Man muss es einfach mal aussprechen: Der alpine Skitourismus, so wie wir ihn kannten, stirbt. Langsam, leise und von vielen verdrängt. Aber er stirbt – in Frankreich, in den Alpen, überall. Und während Politiker noch über Schneekanonen, neue Lifte oder Steuererhöhungen diskutieren, verabschiedet sich der Winter klammheimlich aus den Bergen.
Ich komme aus einer Familie, die ihre Ferien immer im Schnee verbracht hat. Allos, Serre Chevalier, Les Orres – diese Namen schmeckten für uns nach Raclette, roter Nase und Skischuhdrama. Aber heute? Heute sehe ich nur noch braune Hänge, grüne Weihnachten und Gemeinden, die ihre Seele verkaufen, um ein paar Saisons länger durchzuhalten.
Wie absurd ist es, im Jahr 2025 noch so zu tun, als könnten Skigebiete unter 2.000 Metern langfristig überleben? Es ist, als würde man mit einem Gießkännchen ein brennendes Haus löschen – ein netter Versuch, aber komplett zum Scheitern verurteilt.

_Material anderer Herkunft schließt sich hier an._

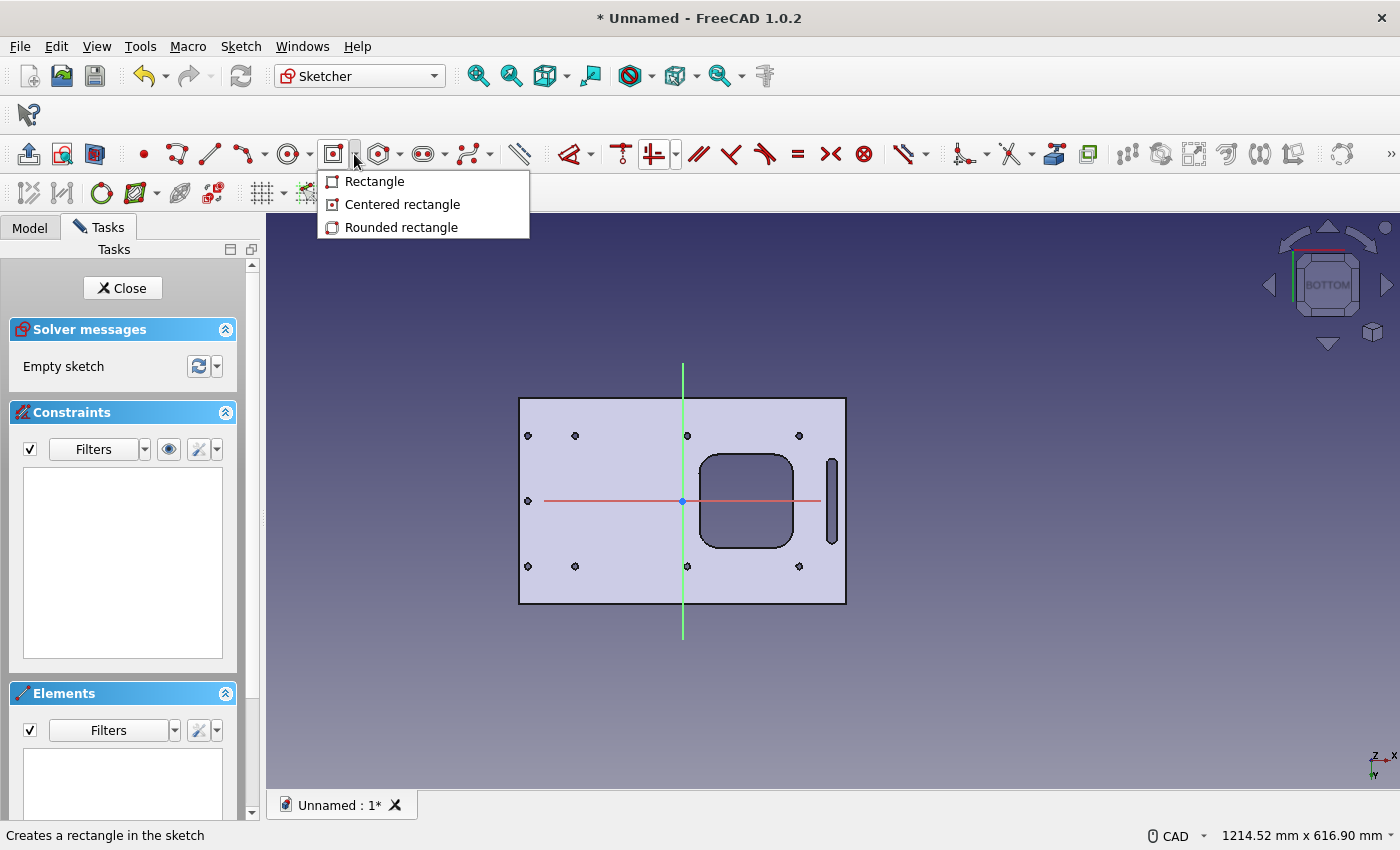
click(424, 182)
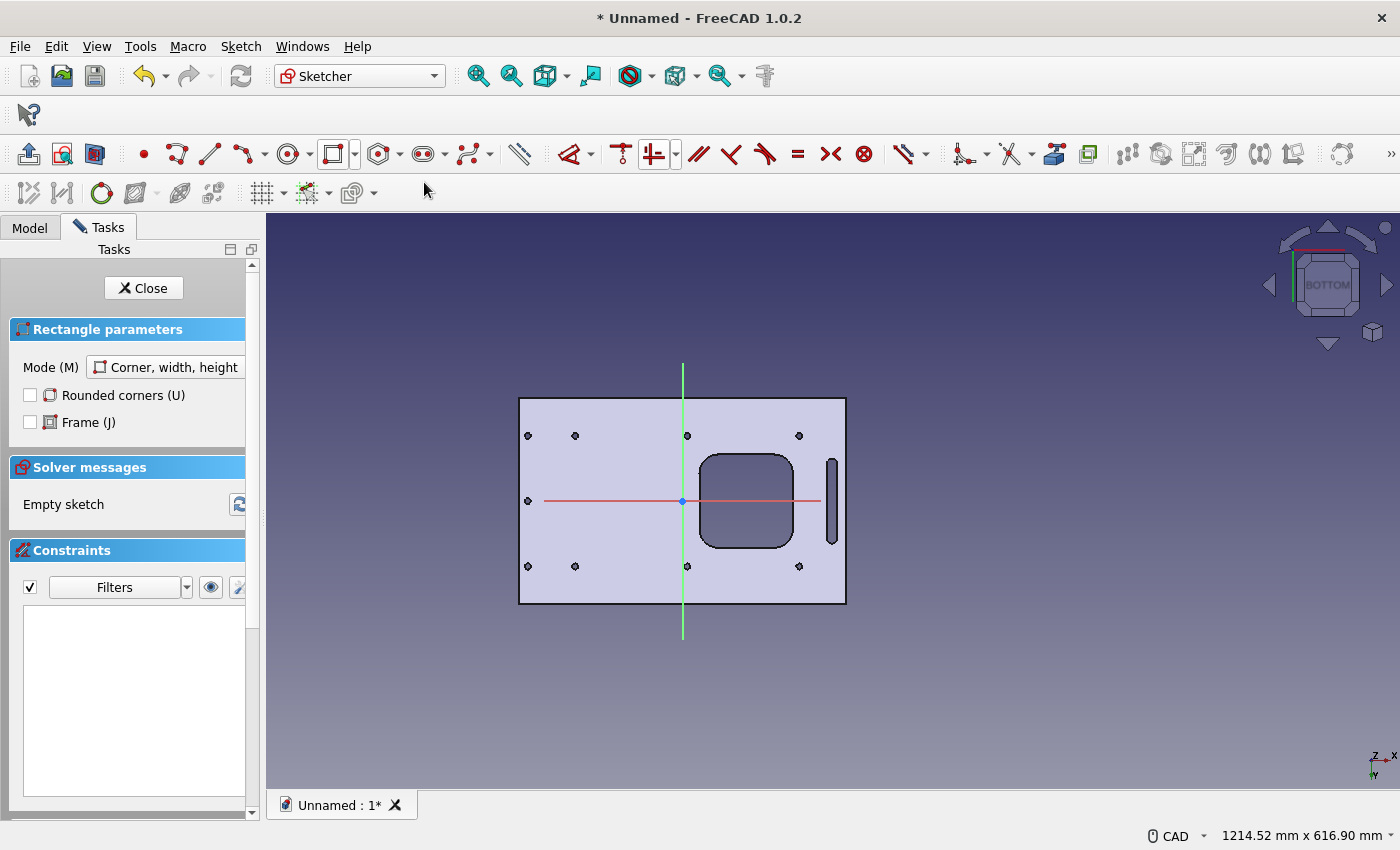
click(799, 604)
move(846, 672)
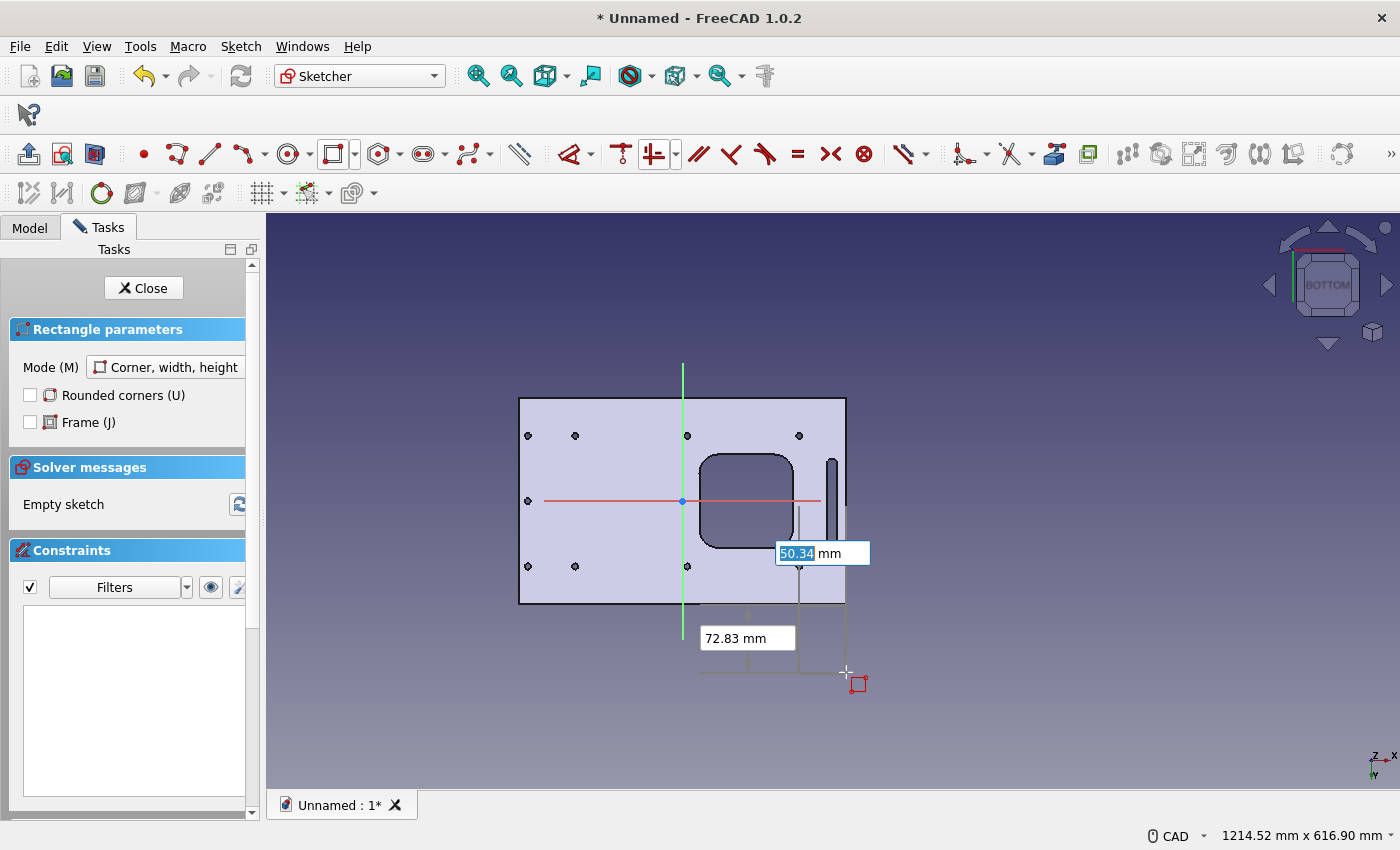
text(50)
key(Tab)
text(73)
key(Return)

Und ja, ich höre sie schon, die Romantiker: „Aber was ist mit der Tradition?“
Na und? Tradition darf doch kein Freifahrtschein für Realitätsverweigerung sein.
Was wir brauchen, ist Ehrlichkeit. Und Mut. Der Mut zu sagen: „Schluss mit dem Selbstbetrug!“ Der Mut, Visionen für einen ganzjährigen, nachhaltigen Bergtourismus zu entwickeln, statt auf Alibiveranstaltungen und künstlich beschneite Pisten zu setzen. Das ist nämlich nichts anderes als Schnee von gestern – im wahrsten Sinne des Wortes.
Warum fällt es uns so schwer loszulassen? Vielleicht, weil wir gelernt haben, den Winter mit Kindheit, Geborgenheit und Freiheit zu verbinden. Aber die Wahrheit ist: Der Winter hat sich verändert. Und wir müssen es auch tun.
Natürlich tut es weh. Ich weine innerlich, wenn ich an all die stillgelegten Lifte, leerstehenden Chalets und das vergessene Rattern der Gondeln denke. Aber ich weine noch mehr, wenn ich sehe, wie Gemeinden ihr letztes Geld in eine Schneesaison investieren, die nie mehr kommt.
Sollen wir deshalb alle Skiorte aufgeben? Nein. Aber wir müssen differenzieren. Hochgelegene Gebiete haben vielleicht noch eine Chance. Die anderen? Die brauchen ein neues Konzept. Wandern, Mountainbiken, Kulinarik, Kunst – das alles kann genauso magisch sein wie ein Tiefschneetag.
Aber was wir nicht mehr brauchen, ist diese Verklärung des Skitourismus als alternativlose Lebensgrundlage.
Denn wenn das einzige Zukunftsmodell lautet: „Entweder höhere Steuern oder mehr Schnee, der nicht mehr fällt“ – dann ist die Diskussion eigentlich längst entschieden.
Es wird Zeit, dass wir aufhören, um ein System zu kämpfen, das sich selbst längst aufgegeben hat. Wer den Winter retten will, muss anfangen, neu zu denken. Und vielleicht – nur vielleicht – entdecken wir dabei eine ganz neue Liebe zu unseren Bergen.